WEST LAFAYETTE, Ind. - Purdue University's Center for the Environment, in partnership with the College of Agriculture, will lead an effort aimed at generating innovative interdisciplinary research proposals for new agricultural technologies in food security.

Faculty from a wide range of perspectives are invited to participate in a three-day Ideas Lab on Jan. 27-29. The event, which will be facilitated by the British-based firm Knowinnovation, is at the Wright Conference Center, 1007 N. 725 W., in West Lafayette. Space is limited, so registration prior to the event is required.

"The Ideas Lab is designed to help us create innovative new interdisciplinary research pre-proposals and teams by the end of the three-day session," said Karen Plaut, senior associate dean for research for Purdue Agriculture. "Another goal is to create a new intellectual community that will leverage Purdue's growing investments in the plant sciences and make the university a leader in understanding the social, political, and economic implications, challenges and opportunities for new seed technologies."

Seed funding from the college will be available for proposal ideas emerging from the Ideas Lab that require some initial results or other work prior to submission, Plaut said. Faculty from all disciplines and perspectives interested in generating collaborative research ideas are encouraged to participate.

"New seed technologies have transformed and will continue to transform agriculture in profound ways, with complex and sometimes poorly understood effects on farmers, societies and ecosystems," said Leigh Raymond, director of Discovery Park's Center for the Environment and a political science professor. "These effects depend on complex interactions between the crop in question, the type of seed improvement, the specific intellectual property arrangements, and other regulatory and social factors."

Future plans to use any new seed technologies - open-pollinated, hybrid, or transgenic - to address food security will have to grapple with the difficult challenges posed by complex and interconnected social, political, economic and scientific systems that both limit and facilitate the adoption of improved seeds, Raymond said.

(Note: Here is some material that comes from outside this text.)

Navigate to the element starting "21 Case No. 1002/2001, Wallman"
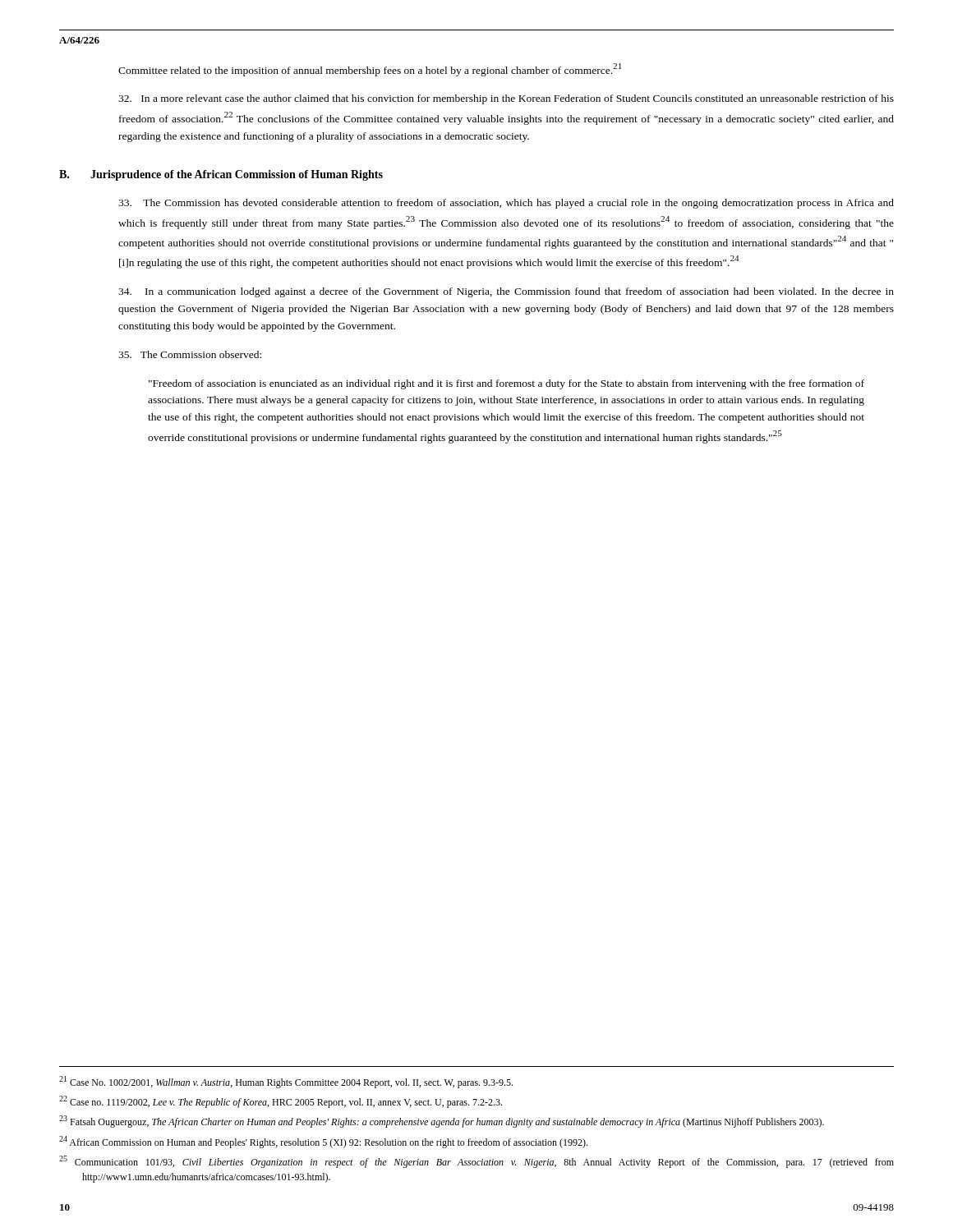 click(x=286, y=1081)

Faculty interested in the Purdue-led Ideas Lab also are encouraged to attend Economic Perspectives on Seed Technology Challenges, the third in a series of Center for the Environment seminars offering different perspectives on seed technology challenges. The event is at 3 p.m. Friday (Jan. 15) in Stewart Center, Room 218D.

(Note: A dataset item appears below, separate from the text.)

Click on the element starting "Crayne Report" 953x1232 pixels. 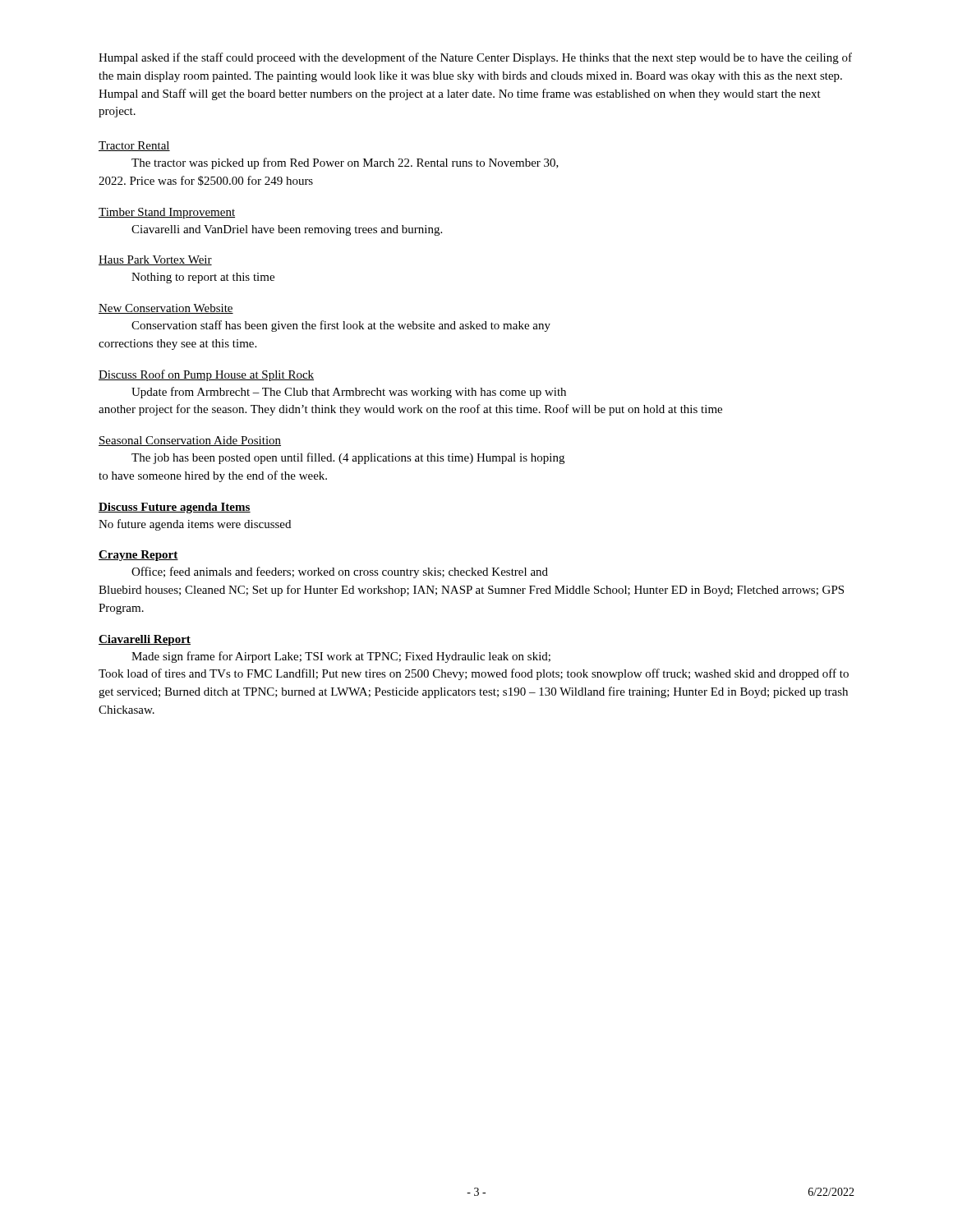pos(138,555)

The seminar will include opening remarks by Purdue agricultural economics professor John Sanders on key challenges and implications of using new seed technologies in efforts to promote food security. A question-and-answer session will follow.

Through Purdue's Center for the Environment, researchers are studying ways to help society meet important environmental challenges by modeling and predicting the impact of human activity on ecosystems, monitoring environmental quality, conserving natural resources and developing new technologies. 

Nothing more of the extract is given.